To move a down goat from one place to another..make a sling from a large towel by sliding under the goat and stretch it wide on the belly...lift all four corners at once...a helper makes this easier for large goats. Close the 4 corners over the goats back to help with balance.


----------



## NigerianDwarfOwner707 (May 17, 2018)

happybleats said:


> To move a down goat from one place to another..make a sling from a large towel by sliding under the goat and stretch it wide on the belly...lift all four corners at once...a helper makes this easier for large goats. Close the 4 corners over the goats back to help with balance.


:up:


----------



## MadHouse (Oct 3, 2019)

Thanks for those suggestions @21goaties and @happybleats !


----------



## MadHouse (Oct 3, 2019)

We got it rigged up.








I had this great idea to attach a luggage scale to it and weigh a goat that needed deworming...

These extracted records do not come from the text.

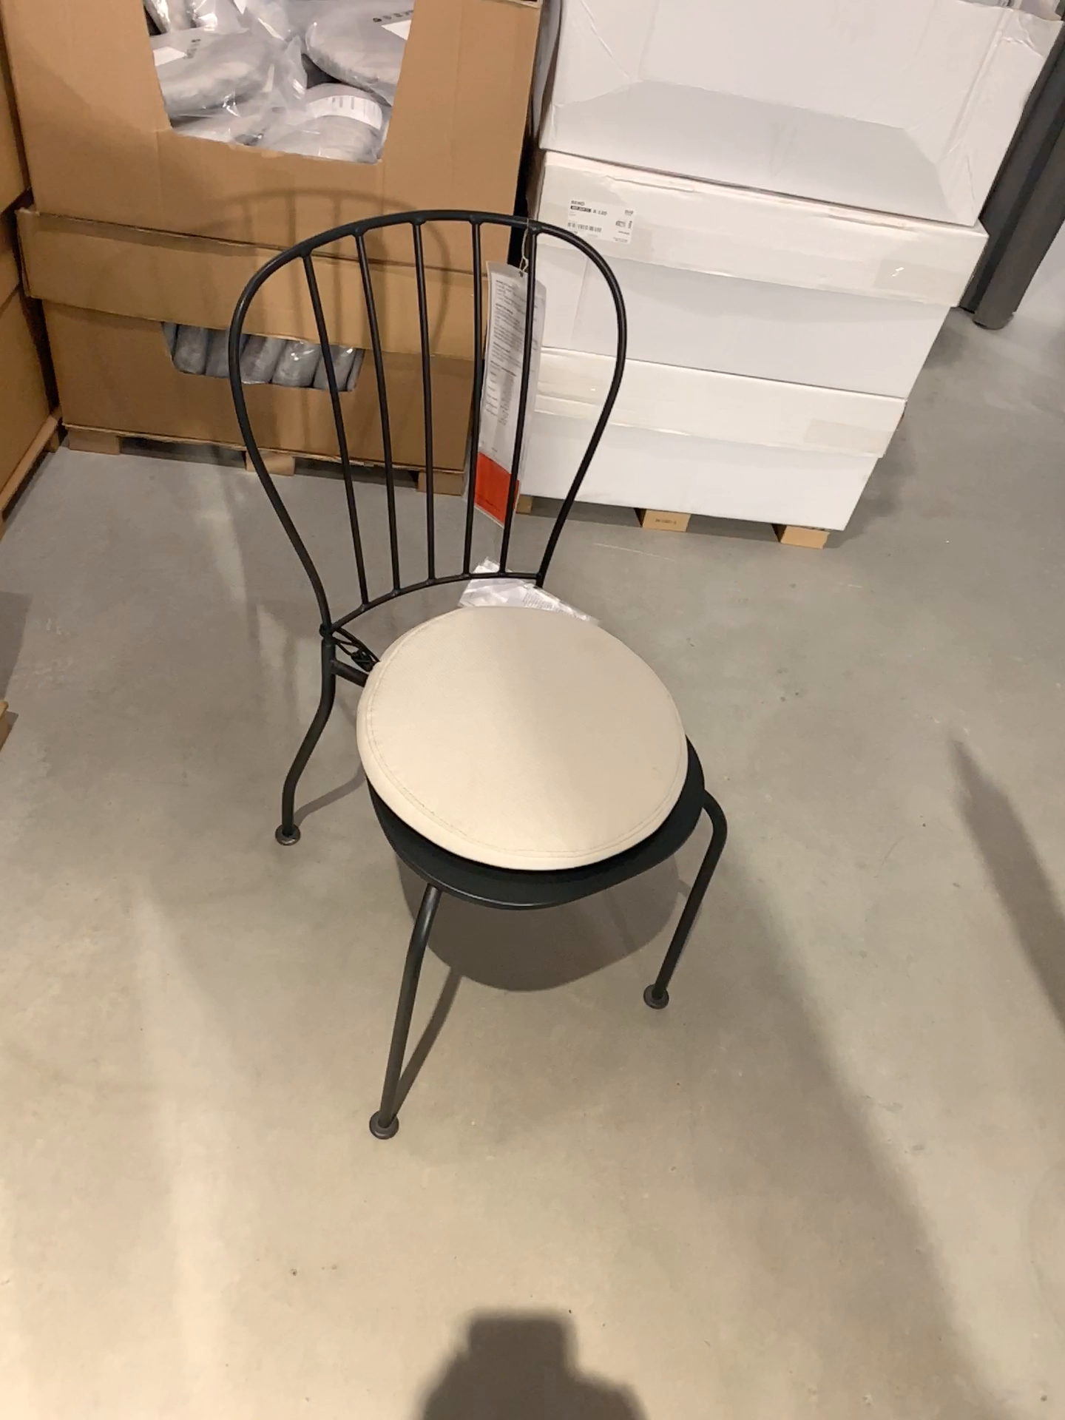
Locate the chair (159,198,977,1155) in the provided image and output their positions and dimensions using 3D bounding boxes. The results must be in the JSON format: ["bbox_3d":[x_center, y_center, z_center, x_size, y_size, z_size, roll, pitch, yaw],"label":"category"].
[{"bbox_3d":[-0.053,-0.014,1.170,0.481,0.817,0.521,-16,53,-25],"label":"chair"}]
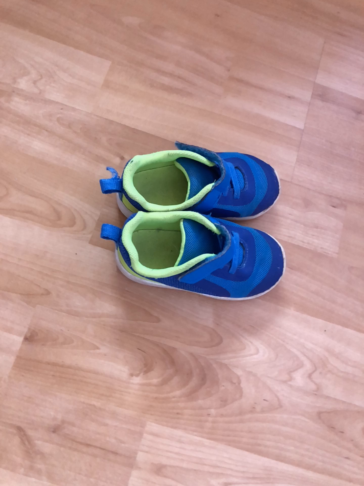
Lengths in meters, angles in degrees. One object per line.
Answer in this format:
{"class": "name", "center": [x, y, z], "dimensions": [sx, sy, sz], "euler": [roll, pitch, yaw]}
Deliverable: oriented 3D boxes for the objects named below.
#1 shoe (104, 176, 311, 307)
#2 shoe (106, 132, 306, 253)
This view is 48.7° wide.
{"class": "shoe", "center": [0.020, 0.004, 0.348], "dimensions": [0.160, 0.070, 0.080], "euler": [7, 74, -7]}
{"class": "shoe", "center": [0.016, -0.045, 0.369], "dimensions": [0.160, 0.070, 0.080], "euler": [-5, 76, -10]}
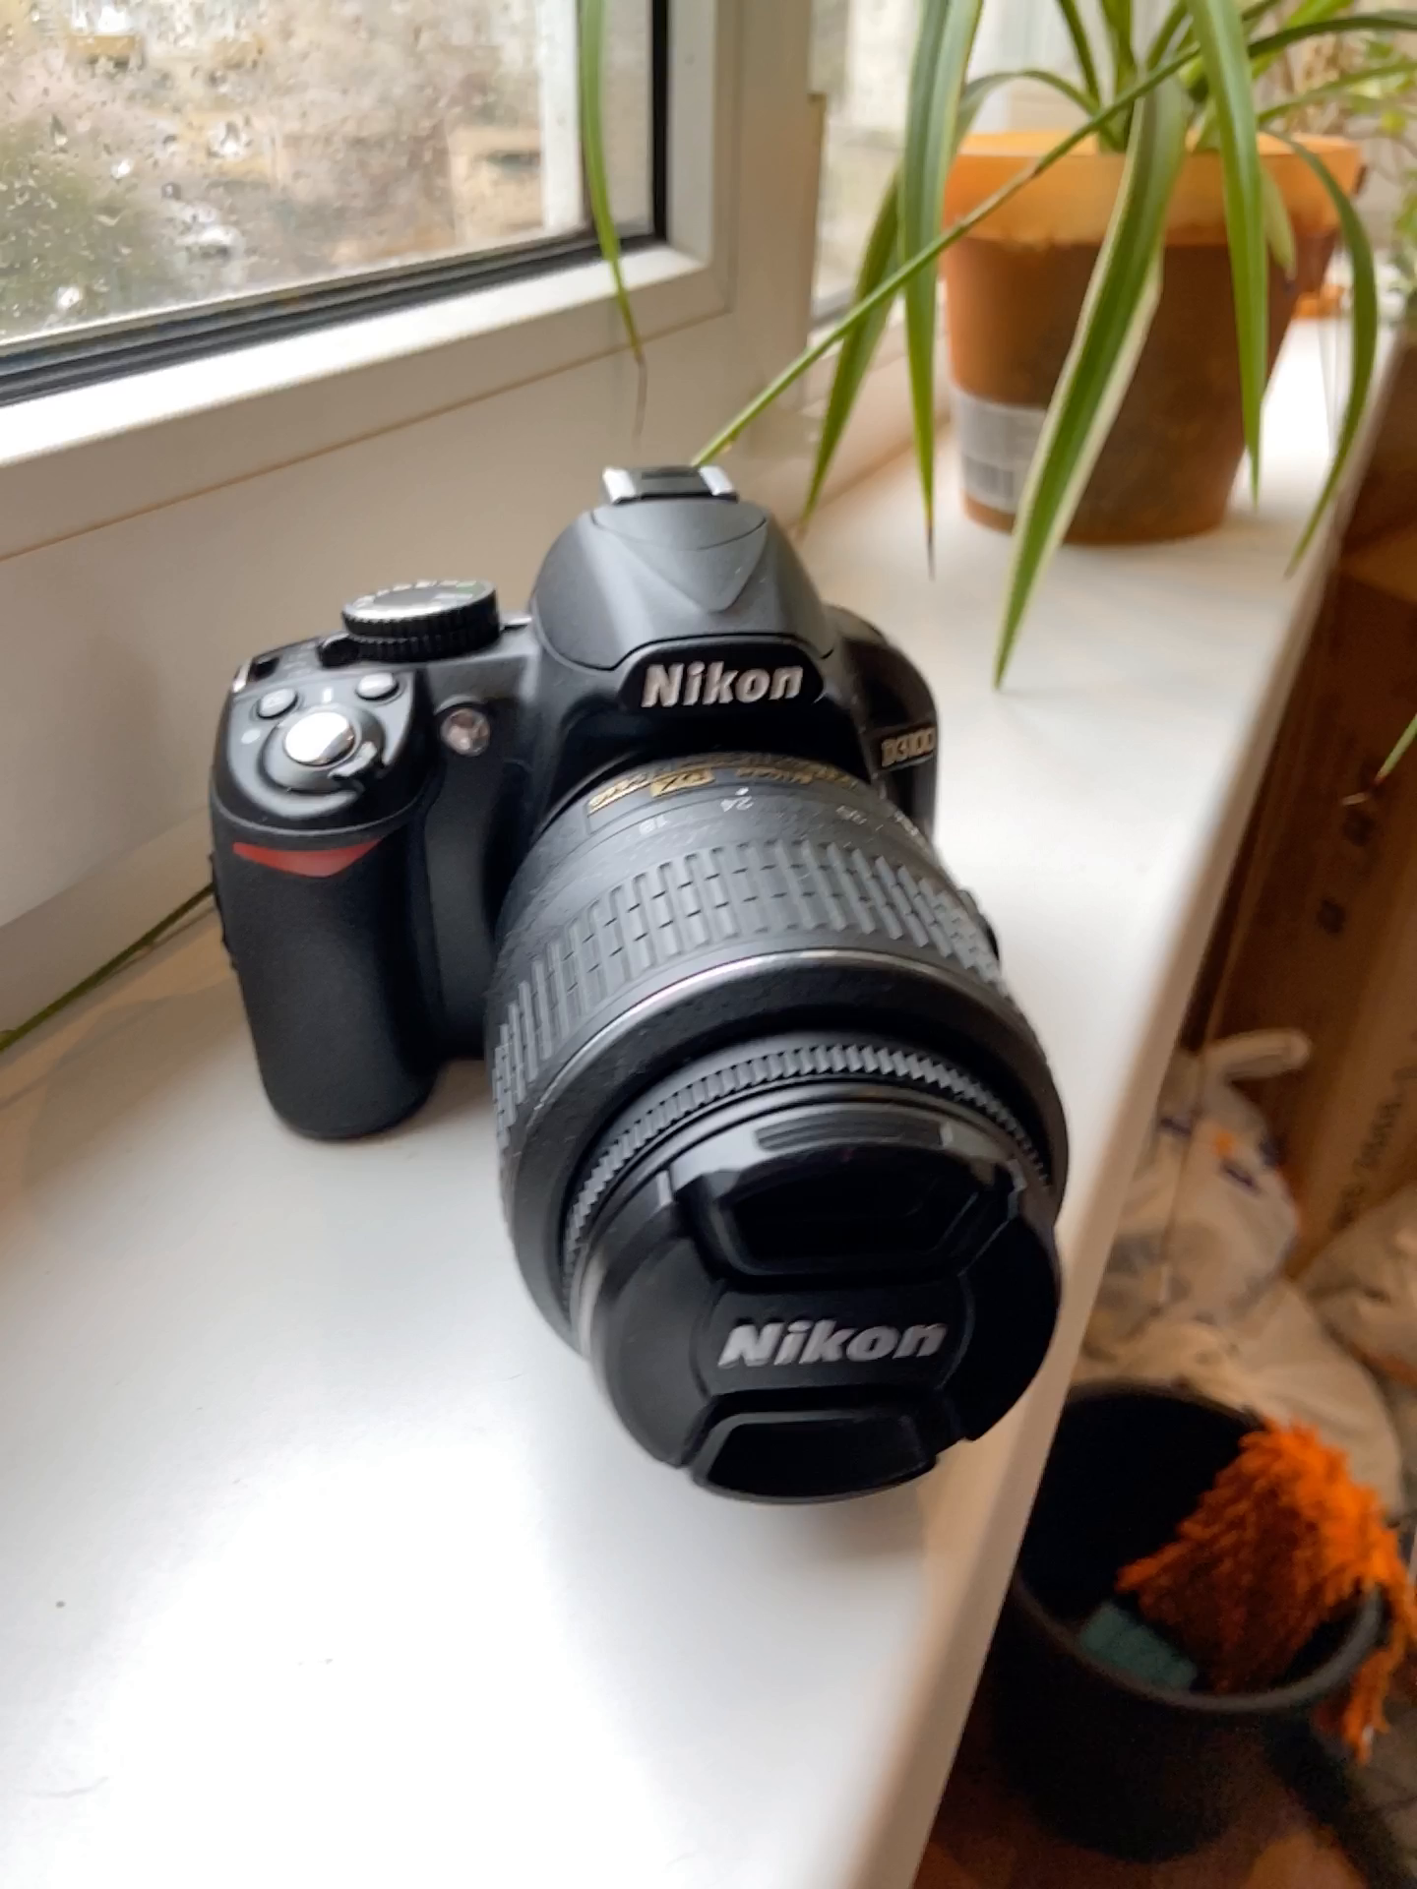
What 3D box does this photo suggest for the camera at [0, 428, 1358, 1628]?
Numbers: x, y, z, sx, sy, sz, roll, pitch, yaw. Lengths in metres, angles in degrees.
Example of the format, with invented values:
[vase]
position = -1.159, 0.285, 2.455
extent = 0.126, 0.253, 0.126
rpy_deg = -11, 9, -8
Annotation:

The scale went up to 77 pounds. 








The hoist worked, but my brain couldn't figure out why the scale only went to 15 lbs. :shrug: (I figured it out later... 77+15... I'm only a dummy SOME times)
Ok, I said, lets try another goat. Well, the next goat weighs about 100 lbs, and snap went the plastic housing on the scale. Ka-lump ka-lump went all the goats up to the balcony, wide eyed in horror!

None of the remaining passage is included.